To establish the optimal threshold for taxon delimitation we used the function localMinima of the SPIDER software (Species Identity and Evolution in R) v. 1.1.2 . This method uses the Kimura-2-Parameter distance matrix to create a density object from which it infers the transition between intra- and inter-group (i.e., species or other genetically oligomorphic groups) distances from a depression in density of the genetic distances . The advantage of this method is that it does not require a priori knowledge of the identity of the taxon, i.e., species identity. Because the occurrence of singletons, i.e., taxa represented by only one individual, may cause problems in this analysis [29, 77] we run the analyses both including and “Excluding Singletons”.

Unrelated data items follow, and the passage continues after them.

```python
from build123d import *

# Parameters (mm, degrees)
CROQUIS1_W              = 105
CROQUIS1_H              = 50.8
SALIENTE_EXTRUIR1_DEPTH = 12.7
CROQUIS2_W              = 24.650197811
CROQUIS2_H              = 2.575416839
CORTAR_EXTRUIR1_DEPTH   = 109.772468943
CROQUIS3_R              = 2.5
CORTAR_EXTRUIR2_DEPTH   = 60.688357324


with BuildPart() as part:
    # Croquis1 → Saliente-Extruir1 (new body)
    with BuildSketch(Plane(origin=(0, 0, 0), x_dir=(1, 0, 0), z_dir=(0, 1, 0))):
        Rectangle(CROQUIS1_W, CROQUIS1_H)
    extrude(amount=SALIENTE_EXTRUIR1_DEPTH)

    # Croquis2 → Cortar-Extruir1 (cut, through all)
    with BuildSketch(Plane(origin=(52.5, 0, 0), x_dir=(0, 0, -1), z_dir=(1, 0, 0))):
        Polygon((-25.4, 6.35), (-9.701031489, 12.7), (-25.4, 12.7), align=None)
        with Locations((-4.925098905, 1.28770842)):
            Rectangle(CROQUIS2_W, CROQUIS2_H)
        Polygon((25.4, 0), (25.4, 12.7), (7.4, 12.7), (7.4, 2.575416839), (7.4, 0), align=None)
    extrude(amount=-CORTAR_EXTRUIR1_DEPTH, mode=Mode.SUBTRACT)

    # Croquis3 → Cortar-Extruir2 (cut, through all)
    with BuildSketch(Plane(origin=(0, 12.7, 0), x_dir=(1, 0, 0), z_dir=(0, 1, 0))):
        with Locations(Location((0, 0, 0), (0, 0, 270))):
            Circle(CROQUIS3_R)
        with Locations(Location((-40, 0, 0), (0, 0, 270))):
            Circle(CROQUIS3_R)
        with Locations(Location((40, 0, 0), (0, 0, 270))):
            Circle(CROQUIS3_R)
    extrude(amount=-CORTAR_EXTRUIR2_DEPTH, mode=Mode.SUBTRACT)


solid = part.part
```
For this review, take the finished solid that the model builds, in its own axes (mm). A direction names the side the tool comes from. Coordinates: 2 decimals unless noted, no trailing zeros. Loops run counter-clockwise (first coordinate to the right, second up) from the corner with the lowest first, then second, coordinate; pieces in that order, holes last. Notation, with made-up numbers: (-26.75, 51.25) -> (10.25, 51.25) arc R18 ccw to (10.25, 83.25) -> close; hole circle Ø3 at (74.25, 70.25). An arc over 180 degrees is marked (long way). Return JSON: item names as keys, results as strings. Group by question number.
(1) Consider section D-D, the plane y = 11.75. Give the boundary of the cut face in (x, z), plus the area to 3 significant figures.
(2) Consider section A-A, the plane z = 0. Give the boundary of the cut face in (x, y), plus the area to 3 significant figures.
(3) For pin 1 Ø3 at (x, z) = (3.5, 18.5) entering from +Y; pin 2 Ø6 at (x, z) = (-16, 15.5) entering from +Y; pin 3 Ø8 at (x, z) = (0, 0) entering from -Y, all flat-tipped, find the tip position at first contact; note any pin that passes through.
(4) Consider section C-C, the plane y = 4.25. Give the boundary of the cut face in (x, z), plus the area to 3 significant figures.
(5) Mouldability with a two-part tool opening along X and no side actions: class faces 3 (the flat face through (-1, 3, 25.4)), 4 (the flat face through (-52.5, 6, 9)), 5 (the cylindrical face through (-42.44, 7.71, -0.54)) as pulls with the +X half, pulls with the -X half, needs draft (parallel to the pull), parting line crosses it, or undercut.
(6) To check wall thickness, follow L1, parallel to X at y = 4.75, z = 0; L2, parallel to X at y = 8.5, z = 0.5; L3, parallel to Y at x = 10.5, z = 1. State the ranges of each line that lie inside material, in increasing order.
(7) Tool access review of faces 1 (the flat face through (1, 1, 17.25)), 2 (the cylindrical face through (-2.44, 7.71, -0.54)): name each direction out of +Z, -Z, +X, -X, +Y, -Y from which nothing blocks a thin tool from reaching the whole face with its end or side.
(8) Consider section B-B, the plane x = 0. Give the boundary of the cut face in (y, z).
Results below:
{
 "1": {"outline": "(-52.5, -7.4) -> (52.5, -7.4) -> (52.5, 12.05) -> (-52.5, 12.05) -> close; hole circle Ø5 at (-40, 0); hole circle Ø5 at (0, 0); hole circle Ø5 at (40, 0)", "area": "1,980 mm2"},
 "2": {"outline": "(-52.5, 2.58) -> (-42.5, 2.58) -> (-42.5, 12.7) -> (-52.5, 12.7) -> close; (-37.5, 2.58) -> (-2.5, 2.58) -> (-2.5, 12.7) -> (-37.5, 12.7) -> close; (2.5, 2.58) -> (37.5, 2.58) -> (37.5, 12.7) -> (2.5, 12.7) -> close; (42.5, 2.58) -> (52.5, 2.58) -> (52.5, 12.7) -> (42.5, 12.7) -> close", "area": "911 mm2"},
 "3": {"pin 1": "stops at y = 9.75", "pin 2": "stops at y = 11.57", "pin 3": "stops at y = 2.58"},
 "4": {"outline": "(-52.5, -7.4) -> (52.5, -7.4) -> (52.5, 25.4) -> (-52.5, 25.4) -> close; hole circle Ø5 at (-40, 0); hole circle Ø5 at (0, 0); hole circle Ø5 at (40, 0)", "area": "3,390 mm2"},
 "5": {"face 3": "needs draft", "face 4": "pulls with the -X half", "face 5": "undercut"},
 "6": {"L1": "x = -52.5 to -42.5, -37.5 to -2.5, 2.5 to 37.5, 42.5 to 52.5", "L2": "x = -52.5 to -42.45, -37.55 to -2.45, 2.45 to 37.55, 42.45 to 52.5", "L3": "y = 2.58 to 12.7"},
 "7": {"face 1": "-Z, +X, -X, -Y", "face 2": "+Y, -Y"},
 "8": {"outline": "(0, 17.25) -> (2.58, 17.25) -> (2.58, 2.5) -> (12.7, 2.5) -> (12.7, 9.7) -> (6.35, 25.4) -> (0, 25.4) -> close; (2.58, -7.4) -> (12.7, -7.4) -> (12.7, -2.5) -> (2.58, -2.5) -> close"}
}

OTU’s were then defined with the module “Cluster” of the software TaxonDNA/SpeciesIdentifier v.1.7.7-dev3  using the thresholds established with SPIDER. Comparing the results of preliminary analyses to the terminal groups obtained by the phylogenetic trees showed a generally close correspondence between the OTU’s proposed by TaxonDNA and the terminal groups of the phylogenetic trees. However, the correspondence was best if the analysis was performed on subsets rather than the entire data set, indicating differences in threshold levels between taxonomic groups as was demonstrated before for other taxa (e.g., [78–80]. In general, genera clustered into one single or few groups. We therefore performed the analyses with six groups, the five genera for which we had more than 15 species each, i.e., Anastrepha (including the single group of the closely related genus Toxotrypana, T. curvicauda), Bactrocera, Ceratitis, Dacus, Rhagoletis, and the remaining samples were pooled as the group “Others”. Because the terminal groups were in almost all cases identical between the three methods the NJ method was used with the same parameters as described under “Cluster analysis” to build the trees for the six groups mentioned above.
Determining near-minimal diagnostic SNP sets
In a further step, we elaborated OTU-diagnostic sets of single nucleotide polymorphisms (SNPs). Each position in the COI alignment that was not identical in all OTUs was polymorphic and hence the corresponding nucleotide of each taxon was considered a SNP. The problem was to find the minimum number of any combination of SNPs that differentiates each taxon pair by at least one or, preferably, several SNPs. The number of possible SNP combinations that have to be checked to find the minimal number of SNPs differentiating each taxon from every other by at least, say, four SNPs, well exceeds 1028 and hence cannot be exhaustively explored. We therefore designed a Visual Basic script to screen one million different sets of random composition of candidate SNPs for those that fulfill the requirements (i.e., at least three or four SNPs of difference among all taxa). To enable this, we first generated a consensus sequence of each of the OTU’s established with TaxonDNA in geneious using IUB codes for ambiguous bases. The consensus sequences were then used as input files for the script. A maximum of twenty-five SNP’s of each taxon were chosen for the selection procedure, with preference given to non-silent SNP’s and to SNP’s with higher variance, i.e., the occurrence of more than one alternative base at that position of the alignment. The script is available from JEF upon request.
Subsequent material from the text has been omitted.